Naqueles começos dos anos setenta já ouvia meu Transglobe. No modelo antigo e feioso, nove faixas, capaz de ouvir as rádios mais distantes do mundo. Por isso era fácil sintonizar a rádio Olinda e ouvir Dom Hélder Câmara. Pareciam crônicas, mas lidas com sua voz marcante em tom de conversa, os textos caiam nos ouvidos num pastoral a cada manhã que nascia. Seu jeito humilde de pregar a fé, ele que, para desespero da ditadura militar era, como disse Hermilo Borba Filho, o camarada de Deus.

E o programa tinha um belo título para quem, do alto da Sé, olhava aquele mundo de Olinda – o casario se derramando até o mar: ‘Um Olhar sobre a Cidade’. Em 1976, o editor Ênio Silveira, da Civilização Brasileira, a editora de ‘livros subversivos’, lançou uma seleção dos textos de Dom Hélder com o mesmo título do programa de rádio. Teve o cuidado de não registrar na ficha catalográfica como ‘crônicas’. Seria profano. Mas como ‘Literatura Devocional’, tal a sua grande devoção pela liberdade.

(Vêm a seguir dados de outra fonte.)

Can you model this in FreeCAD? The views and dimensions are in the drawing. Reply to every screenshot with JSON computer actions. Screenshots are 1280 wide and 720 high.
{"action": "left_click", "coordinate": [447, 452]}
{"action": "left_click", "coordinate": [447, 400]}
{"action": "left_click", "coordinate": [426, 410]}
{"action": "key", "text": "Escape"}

O livro morou em todas as estantes da minha geração. Na minha mora até hoje, encadernado por Seu Bandeira para esconder o que nos velhos alfarrábios os livreiros chamavam de ‘sujidade do manuseio e do tempo’. Uma convivência que longe de ser a mais antiga neste lugar de livros velhos, risca na alma os caminhos de admirações vividas. E se o silêncio humilde desta casa fosse de glória, seria tombado como patrimônio do espírito, com a sua nobreza estampada em sinete na folha de rosto.

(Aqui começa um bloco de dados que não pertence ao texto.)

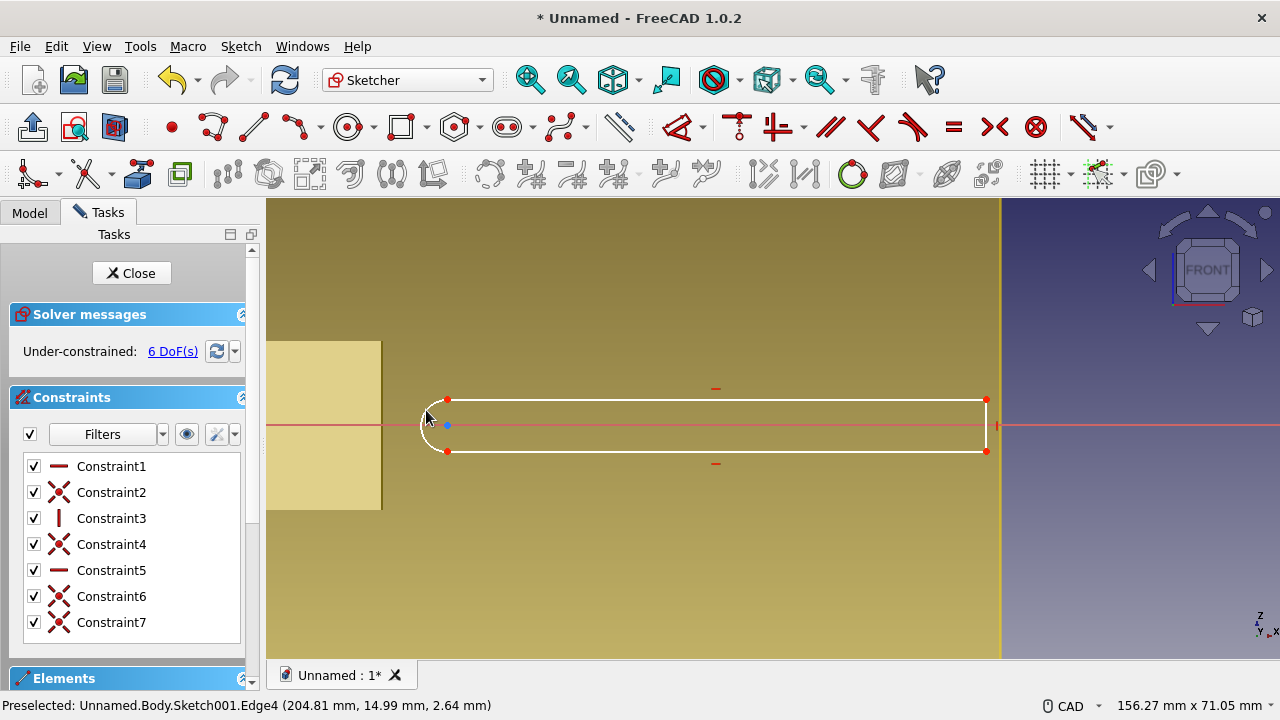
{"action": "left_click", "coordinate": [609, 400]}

Dom Hélder foi o divisor no movimento católico do Nordeste. Símbolo da doutrina social que fez da Igreja a trincheira de resistência pacífica e sem medo. Não foi à toa que João Paulo II, na visita ao Recife, ao ser recebido no desembarque pelos bispos nordestinos, encontrou D. Hélder Câmara na fila, ajoelhado, num grande gesto de humildade. O Papa, que lhe condenara ao silêncio obsequioso, ergueu aquele homem franzino pelos braços e beijou seu rosto como a pedir perdão em nome de Deus.

Numa das mensagens do seu olhar sobre a cidade, D. Hélder fala sobre a grande simbologia dos sinos. Mas, antes de chegar a tocá-los, e de ouvi-los de perto como a escutar voz que lhe sai do bronze a banhar as cidades nas horas do anoitecer, lembra que ficam sempre no lugar mais alto das torres. E que para chegar até a seus campanários, mesmo os mais humildes, avida que é preciso subir a escada íngreme para ser, como ele era, um sineiro das almas dos vivos e dos mortos no mistério sublime da fé.

Isso tudo, Senhor Redator, essas lembranças todas, num sábado assim, e sem motivo nenhum, foi só porque no dia de Natal fui visitar minha mãe que agora passou a morar num edifício na esquina da Hermes da Fonseca, no alto do décimo-primeiro andar. E ouvi, por coincidência, quando o sino da igrejinha do Padre João Maria, no Alto do Juruá, tocou as Trindades do Anoitecer.  Na sua humildade, derramava o sinal da fé, como no tempo das velhas aldeias. Anunciando a todos a presença de Deus.